October 17, 2019
By Christina Sandefur

Across the country, people are opening their homes to overnight guests to help pay their mortgages, restore properties, or earn extra money for their families. The practice is especially popular in tourist destinations, where families often choose to stay in homes rather than hotels to save money and “live like a local.”

Unfortunately, the city of Sandusky, Ohio—despite being a world-renowned tourist destination and home to Cedar Point, one of the world’s largest roller-coaster parks—has chosen not to respect the rights of homeowners to peacefully rent their homes, but rather to impose burdensome, confusing, and unconstitutional rules that deprive homeowners of these rights.

Last week, along with local counsel Christopher Holecek, we filed a brief in a lawsuit challenging Sandusky’s anti-home-sharing laws, arguing that Ohio cities should not be allowed to enact vague, unpredictable restrictions on homeowners’ use of their property.

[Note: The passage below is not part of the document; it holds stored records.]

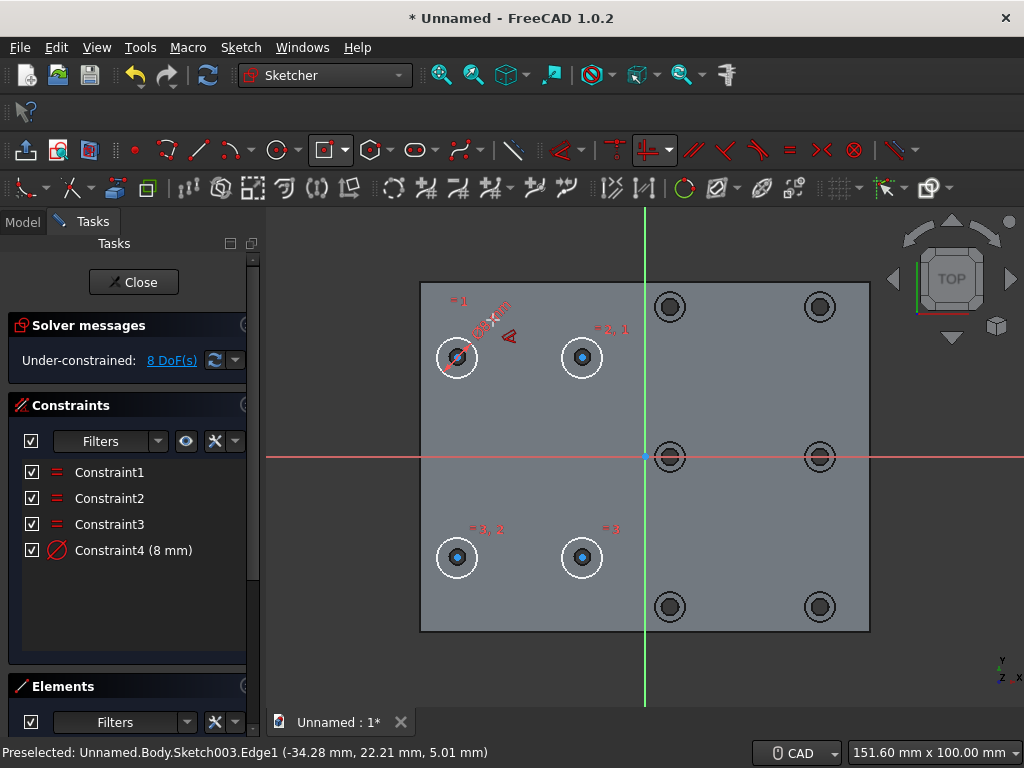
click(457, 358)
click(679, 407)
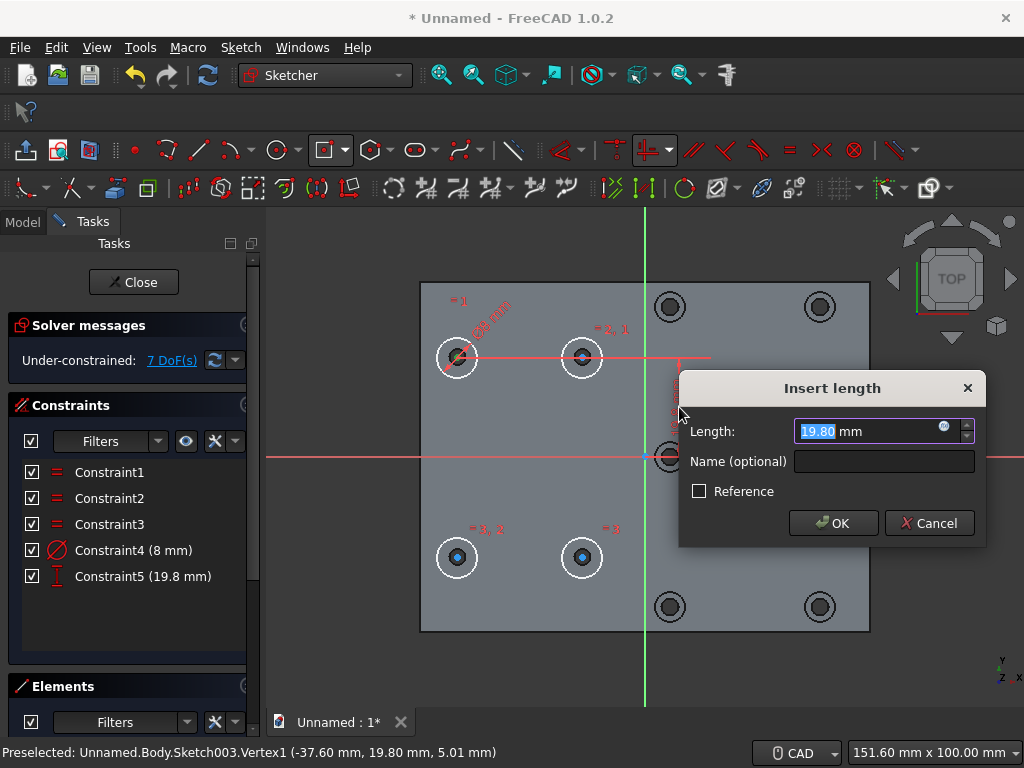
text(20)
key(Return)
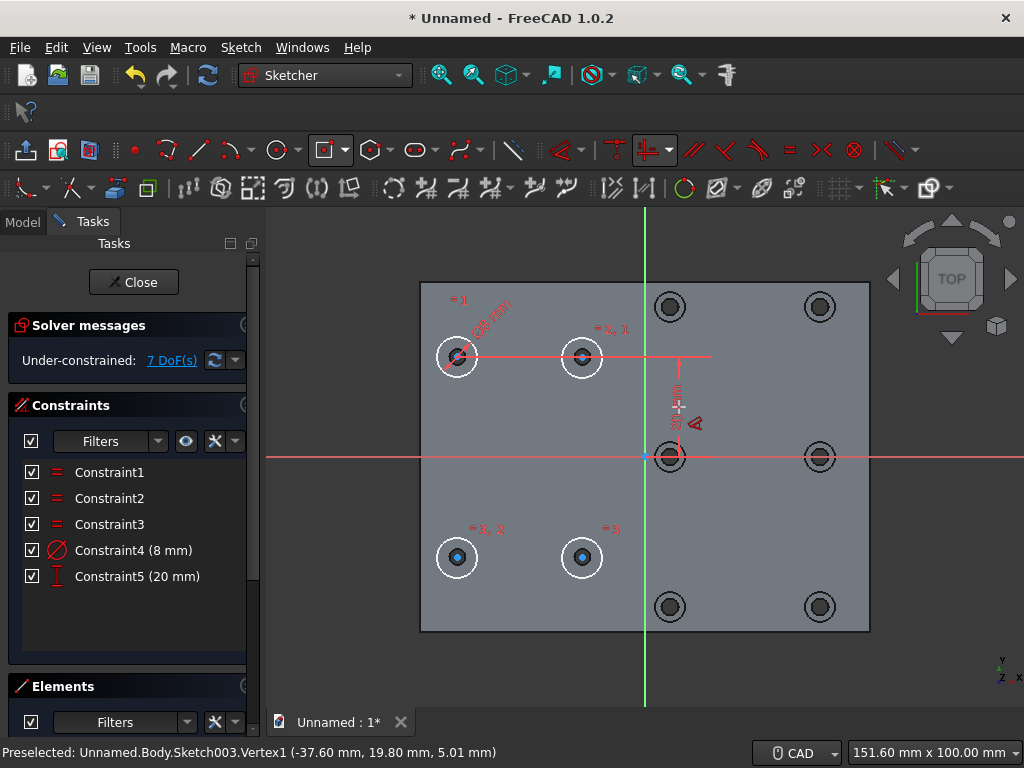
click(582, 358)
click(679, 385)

Sandusky’s anti-home-sharing ordinances are so vague that they fail to give fair notice of what homeowners may and may not lawfully do—and it authorizes arbitrary and discriminatory enforcement. For example, an occupancy is legal so long as it lasts at least one year, but it is illegal if the parties’ intention is for the occupancy to be “temporary.” A renter might very well sign a year-long lease but intend for the rental to be “temporary,” and move on after one year. It’s unclear whether this occupancy would be legal or illegal.

Under another ordinance, an occupancy is illegal if it’s for fewer than 30 consecutive calendar days. So if a homeowner spends a month away on business, and hires a house-sitter or a pet-sitter to remain in the home during some of that time—or even allows a friend to live there for free during her absence to keep an eye on the property—she would be violating the law. These anti-home-sharing laws are confusing and lead to absurd and inconsistent results.

Officials in other cities have adopted similarly incoherent anti-home-sharing ordinances, which has resulted in arbitrary and unpredictable enforcement. For example, Honolulu prohibits rentals for less than 30 days, which some city officials have argued means guests must physically occupy the rented property every moment of their stay—which must be more than thirty days. At other times, officials have agreed that guests can come and go from the home, so long as the home is rented exclusively to those guests for at least thirty days. This makes it impossible for homeowners to know whether or not they are in violation.

Vague legal definitions or enforcement standards mean that the punishable act is in the eye of the beholder, which empowers government officials to selectively enforce the law and subject citizens to bureaucrats’ whims. The consequence is often to exclude “undesirables,” or by picking and choosing whom to enforce the prohibitions against, in an ad hoc and often biased fashion. Failing to abide by objective, predictable standards breeds uncertainty and paves the way for special interest groups—such as competitor hotels or meddlesome neighbors—to hijack the enforcement process.

Ohio has always considered property rights to be fundamental. As such, courts should ensure that cities enact clear property rules so that homeowners know what behavior is lawful, and officials can enforce the rules consistently and fairly. Cities like Sandusky can regulate effectively—and constitutionally—by enacting and enforcing clear rules about noise, traffic, and pollution, regardless of whether those problems are caused by an overnight guest or the homeowner himself.

Christina Sandefur is the Executive Vice President at the Goldwater Institute.